# [INPUT MATERIAL]

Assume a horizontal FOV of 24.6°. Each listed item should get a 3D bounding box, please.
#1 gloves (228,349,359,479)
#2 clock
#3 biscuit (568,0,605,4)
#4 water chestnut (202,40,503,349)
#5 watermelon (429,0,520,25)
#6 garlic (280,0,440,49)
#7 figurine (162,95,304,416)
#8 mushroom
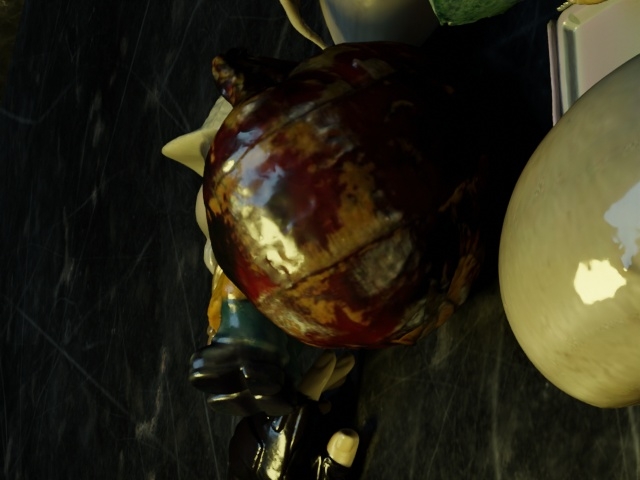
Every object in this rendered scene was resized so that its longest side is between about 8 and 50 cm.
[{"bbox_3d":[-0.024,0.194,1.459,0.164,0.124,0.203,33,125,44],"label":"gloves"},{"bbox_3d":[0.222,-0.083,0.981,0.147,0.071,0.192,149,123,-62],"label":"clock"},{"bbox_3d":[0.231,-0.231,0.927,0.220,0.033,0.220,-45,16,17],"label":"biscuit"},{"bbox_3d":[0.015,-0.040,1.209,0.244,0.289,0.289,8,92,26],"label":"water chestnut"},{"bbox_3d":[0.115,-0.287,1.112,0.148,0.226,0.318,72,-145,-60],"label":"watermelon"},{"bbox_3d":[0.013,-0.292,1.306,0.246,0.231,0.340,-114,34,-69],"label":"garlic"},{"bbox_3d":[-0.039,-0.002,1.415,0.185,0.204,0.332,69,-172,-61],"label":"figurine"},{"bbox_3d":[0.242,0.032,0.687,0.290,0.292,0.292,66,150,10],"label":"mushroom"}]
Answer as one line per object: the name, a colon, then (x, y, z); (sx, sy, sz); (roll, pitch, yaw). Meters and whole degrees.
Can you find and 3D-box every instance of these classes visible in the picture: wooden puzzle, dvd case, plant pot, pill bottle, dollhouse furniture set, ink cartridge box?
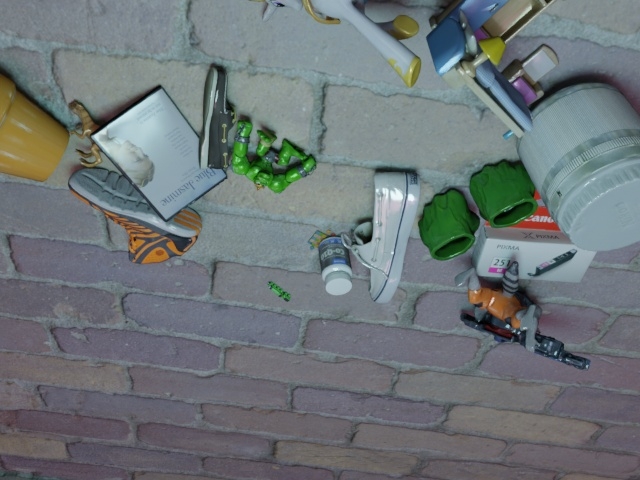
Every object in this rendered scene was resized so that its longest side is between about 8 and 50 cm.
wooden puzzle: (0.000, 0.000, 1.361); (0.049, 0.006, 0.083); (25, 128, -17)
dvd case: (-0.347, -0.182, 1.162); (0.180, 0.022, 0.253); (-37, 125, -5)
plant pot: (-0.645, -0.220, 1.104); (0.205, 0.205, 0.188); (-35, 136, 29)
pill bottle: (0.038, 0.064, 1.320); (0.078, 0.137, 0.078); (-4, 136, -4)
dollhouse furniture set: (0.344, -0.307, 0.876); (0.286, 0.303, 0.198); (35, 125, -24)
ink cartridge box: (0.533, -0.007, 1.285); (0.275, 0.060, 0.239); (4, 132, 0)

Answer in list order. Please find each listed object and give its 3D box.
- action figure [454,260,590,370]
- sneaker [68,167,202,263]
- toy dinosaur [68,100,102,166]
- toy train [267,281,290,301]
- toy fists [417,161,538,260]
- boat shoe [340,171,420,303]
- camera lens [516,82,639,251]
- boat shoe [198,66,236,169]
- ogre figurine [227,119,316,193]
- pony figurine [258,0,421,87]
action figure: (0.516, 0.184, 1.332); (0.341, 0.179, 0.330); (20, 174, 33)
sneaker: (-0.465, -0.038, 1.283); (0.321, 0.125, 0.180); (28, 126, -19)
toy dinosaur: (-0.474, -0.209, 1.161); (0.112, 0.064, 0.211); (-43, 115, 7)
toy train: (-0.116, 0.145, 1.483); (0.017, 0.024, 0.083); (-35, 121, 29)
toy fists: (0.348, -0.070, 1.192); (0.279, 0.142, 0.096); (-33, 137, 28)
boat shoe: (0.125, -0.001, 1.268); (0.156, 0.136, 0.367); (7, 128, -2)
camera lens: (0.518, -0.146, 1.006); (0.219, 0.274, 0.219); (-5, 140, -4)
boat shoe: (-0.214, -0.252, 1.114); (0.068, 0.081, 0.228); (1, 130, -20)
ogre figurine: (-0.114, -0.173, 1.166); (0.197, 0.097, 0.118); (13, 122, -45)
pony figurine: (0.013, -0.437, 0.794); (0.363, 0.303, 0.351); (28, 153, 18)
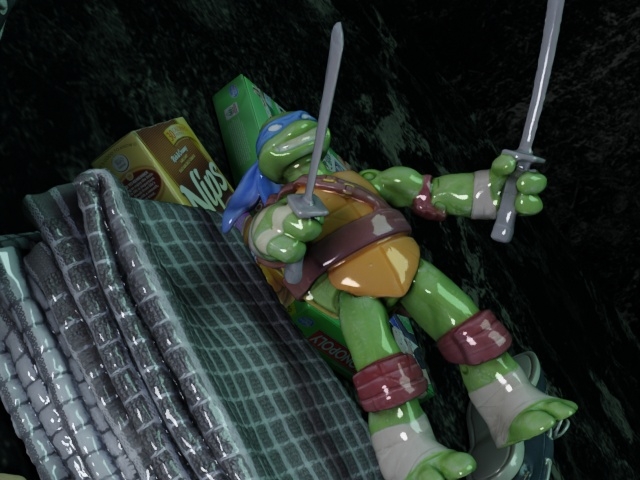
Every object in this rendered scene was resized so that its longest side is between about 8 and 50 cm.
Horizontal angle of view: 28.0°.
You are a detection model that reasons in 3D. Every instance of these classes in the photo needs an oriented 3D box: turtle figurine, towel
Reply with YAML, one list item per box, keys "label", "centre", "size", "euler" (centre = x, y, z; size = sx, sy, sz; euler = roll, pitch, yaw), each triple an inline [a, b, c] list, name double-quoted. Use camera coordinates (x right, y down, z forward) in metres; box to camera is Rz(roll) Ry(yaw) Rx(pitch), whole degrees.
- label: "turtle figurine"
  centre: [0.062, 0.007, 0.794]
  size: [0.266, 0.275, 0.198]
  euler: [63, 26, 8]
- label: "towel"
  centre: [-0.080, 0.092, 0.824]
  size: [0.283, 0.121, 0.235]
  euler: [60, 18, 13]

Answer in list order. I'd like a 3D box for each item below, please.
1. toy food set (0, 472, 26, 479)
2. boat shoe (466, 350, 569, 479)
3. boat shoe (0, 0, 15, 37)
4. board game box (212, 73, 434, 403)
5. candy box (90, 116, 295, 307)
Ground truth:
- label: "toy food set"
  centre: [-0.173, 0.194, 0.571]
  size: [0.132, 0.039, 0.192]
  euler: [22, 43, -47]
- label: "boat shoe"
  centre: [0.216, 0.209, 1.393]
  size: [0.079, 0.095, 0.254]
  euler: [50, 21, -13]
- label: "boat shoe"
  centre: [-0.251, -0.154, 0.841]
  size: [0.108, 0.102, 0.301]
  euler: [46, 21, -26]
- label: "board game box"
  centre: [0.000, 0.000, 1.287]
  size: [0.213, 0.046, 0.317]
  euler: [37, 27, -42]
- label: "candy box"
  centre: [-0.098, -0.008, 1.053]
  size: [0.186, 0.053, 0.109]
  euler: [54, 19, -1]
---
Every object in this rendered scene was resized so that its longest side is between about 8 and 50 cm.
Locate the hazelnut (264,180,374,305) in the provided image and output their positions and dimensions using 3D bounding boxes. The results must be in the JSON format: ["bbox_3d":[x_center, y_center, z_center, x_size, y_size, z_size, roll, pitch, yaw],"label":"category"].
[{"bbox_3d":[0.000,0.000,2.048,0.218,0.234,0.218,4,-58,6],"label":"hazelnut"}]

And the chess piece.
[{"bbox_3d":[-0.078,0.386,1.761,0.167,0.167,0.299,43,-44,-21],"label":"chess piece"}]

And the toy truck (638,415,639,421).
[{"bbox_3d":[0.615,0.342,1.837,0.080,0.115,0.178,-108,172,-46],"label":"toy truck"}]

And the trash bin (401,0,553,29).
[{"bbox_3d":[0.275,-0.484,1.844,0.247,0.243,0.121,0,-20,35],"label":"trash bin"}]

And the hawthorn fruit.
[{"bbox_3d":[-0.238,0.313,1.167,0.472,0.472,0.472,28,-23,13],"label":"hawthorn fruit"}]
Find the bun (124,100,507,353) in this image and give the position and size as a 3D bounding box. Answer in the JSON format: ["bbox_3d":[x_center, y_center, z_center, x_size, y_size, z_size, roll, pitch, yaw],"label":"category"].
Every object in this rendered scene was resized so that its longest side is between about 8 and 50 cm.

# [PROBLEM TO WORK ON]
If a line in the material holds "listed", copy it.

# [ANSWER TO THE EXERCISE]
Assume a horizontal FOV of 24.6°. Each listed item should get a 3D bounding box, please.
Answer in list order. Please find each listed object and give its 3D box.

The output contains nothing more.